MITIGATION EFFORTS

Enhance uptake of livestock insurance to offset losses

To the pastoral community, drought accounts for more losses than banditry and diseases combined

In Summary

• Approximately five million pastoralists are at risk of losing a significant part of their animals to drought. 

• Although livestock insurance has been in Kenya for close to a decade, its products focus on high-value dairy animals. 

The carcass of an animal that died in Baringo county as a result of the drought.
The carcass of an animal that died in Baringo county as a result of the drought.
Image: FILE

It seems that lessons learnt from the 2011 drought were in vain. Judging from recent media reports and images broadcast on television, it is apparent the even this year, the livestock enterprise is once more on the cusp of profound losses.

Approximately five million pastoralists are at risk of losing a significant part of their animals, and domestic fundraising strategies pegged on generous donations have yielded little results, they are dead horse theory. 

A raft of data and research testifies that unless profound solutions are instituted, the shortcomings of the livestock enterprise will continue to recur in the long term. To pastoralists, droughts are just catastrophic, they cause more livestock losses than cattle rustling and diseases combined.

On hunger, the impact of drought on pastoral communities is noticeably severe and double-edged. Episodes of starvation are interchangeably replaced by livestock losses, and gains made towards securing pastoral livelihoods remain fragile amidst the failure of entities concerned to effectively follow up.

To break the cyclic nature of pastoral livelihood losses, communities concerned should dismount the dead horse. Because, appointing committees to study the horse, or arranging to visit other countries to see how they ride their dead horses will not help mitigate the impacts of drought on livestock.

Many solutions to livestock development exist but they are seldom a cause for any celebration.

An ideal solution fashioned within the prism of insurance can help to mitigate the resultant impacts of drought. In this context, an insurance system which combines livestock insurance system with satellite remote sensing technology can help to mitigate losses.

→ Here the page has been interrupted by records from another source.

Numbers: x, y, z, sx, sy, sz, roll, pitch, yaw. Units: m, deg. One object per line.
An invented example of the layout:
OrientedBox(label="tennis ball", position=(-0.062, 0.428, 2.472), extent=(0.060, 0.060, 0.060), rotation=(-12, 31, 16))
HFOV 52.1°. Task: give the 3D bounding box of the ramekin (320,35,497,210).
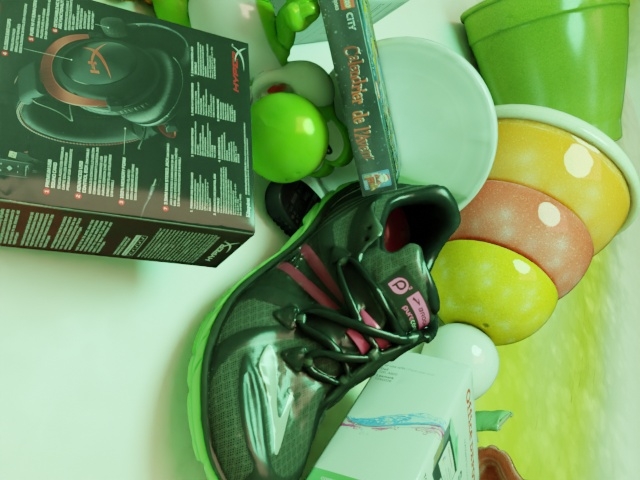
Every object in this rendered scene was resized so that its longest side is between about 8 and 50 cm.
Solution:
OrientedBox(label="ramekin", position=(0.127, -0.160, 0.964), extent=(0.273, 0.272, 0.127), rotation=(62, 26, -8))

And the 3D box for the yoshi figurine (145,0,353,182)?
OrientedBox(label="yoshi figurine", position=(-0.088, -0.214, 0.794), extent=(0.203, 0.203, 0.362), rotation=(-45, 107, -21))

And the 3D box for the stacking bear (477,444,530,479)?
OrientedBox(label="stacking bear", position=(0.321, 0.439, 0.982), extent=(0.164, 0.175, 0.289), rotation=(-56, 136, -2))

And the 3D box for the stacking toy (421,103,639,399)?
OrientedBox(label="stacking toy", position=(0.284, 0.051, 1.074), extent=(0.350, 0.350, 0.480), rotation=(43, 64, -27))

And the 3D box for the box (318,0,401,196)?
OrientedBox(label="box", position=(0.055, -0.187, 0.818), extent=(0.159, 0.044, 0.233), rotation=(-60, 138, -71))

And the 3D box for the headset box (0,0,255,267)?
OrientedBox(label="headset box", position=(-0.217, -0.104, 0.607), extent=(0.293, 0.110, 0.218), rotation=(7, 66, -28))

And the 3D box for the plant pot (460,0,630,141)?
OrientedBox(label="plant pot", position=(0.530, -0.376, 1.487), extent=(0.366, 0.366, 0.353), rotation=(-18, 99, -51))

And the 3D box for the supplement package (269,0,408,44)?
OrientedBox(label="supplement package", position=(0.013, -0.404, 1.035), extent=(0.244, 0.133, 0.139), rotation=(-28, 94, -51))

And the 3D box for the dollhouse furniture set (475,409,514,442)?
OrientedBox(label="dollhouse furniture set", position=(0.229, 0.277, 1.011), extent=(0.151, 0.076, 0.059), rotation=(-19, 88, -50))

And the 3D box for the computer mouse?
OrientedBox(label="computer mouse", position=(0.000, 0.000, 0.916), extent=(0.242, 0.041, 0.071), rotation=(49, 51, -32))

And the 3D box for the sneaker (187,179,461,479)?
OrientedBox(label="sneaker", position=(0.022, 0.079, 0.744), extent=(0.185, 0.202, 0.483), rotation=(53, 49, -27))

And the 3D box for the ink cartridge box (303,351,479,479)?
OrientedBox(label="ink cartridge box", position=(0.088, 0.292, 0.757), extent=(0.278, 0.117, 0.201), rotation=(-45, 133, -49))

Livestock insurance can cushion pastoralists against losses induced by weather variations. This is because it provides a bold avenue, which, if promoted and utilised appropriately, can help to cushion pastoral communities against livestock losses.

Although livestock insurance has been in the Kenyan market for close to a decade, its design is loose in two points; livestock insurance products focus on high-value dairy animals and as a product, it is yet to adopt elements of local Islamic insurance mode.

A review of insurance companies indicates that at the moment, there are two main insurance companies offering livestock insurance-based products. Rightly so, because of the manual process required to ascertain drought-induced losses and the limited baseline reference. 

The platform to operationalise livestock insurance is ripe; ownership of smartphones even among the pastoralists is highest in the region. Dispensing insurance payouts on a large scale to pastoral communities has successfully happened in Ethiopia than any other country in the region.

The success of livestock insurance Ethiopia can variously be attributed to the fact that it is well orchestrated by humanitarian agencies such as the World Food Programme and specialised agencies like the African Risk Capacity.

Incorporating humanitarian organisations in actualising livestock insurance can help provide focus and drive consistent prioritisation, especially in a setting where agriculture is a devolved function.

It is time to see livestock losses for what they are–a national security threat that has the potential to cripple pastoral livelihood.

For livestock insurance to be successful, a concerted effort among ecosystem participants is required to sensitise, fund and promote a shared, standardised livestock threat quantification framework.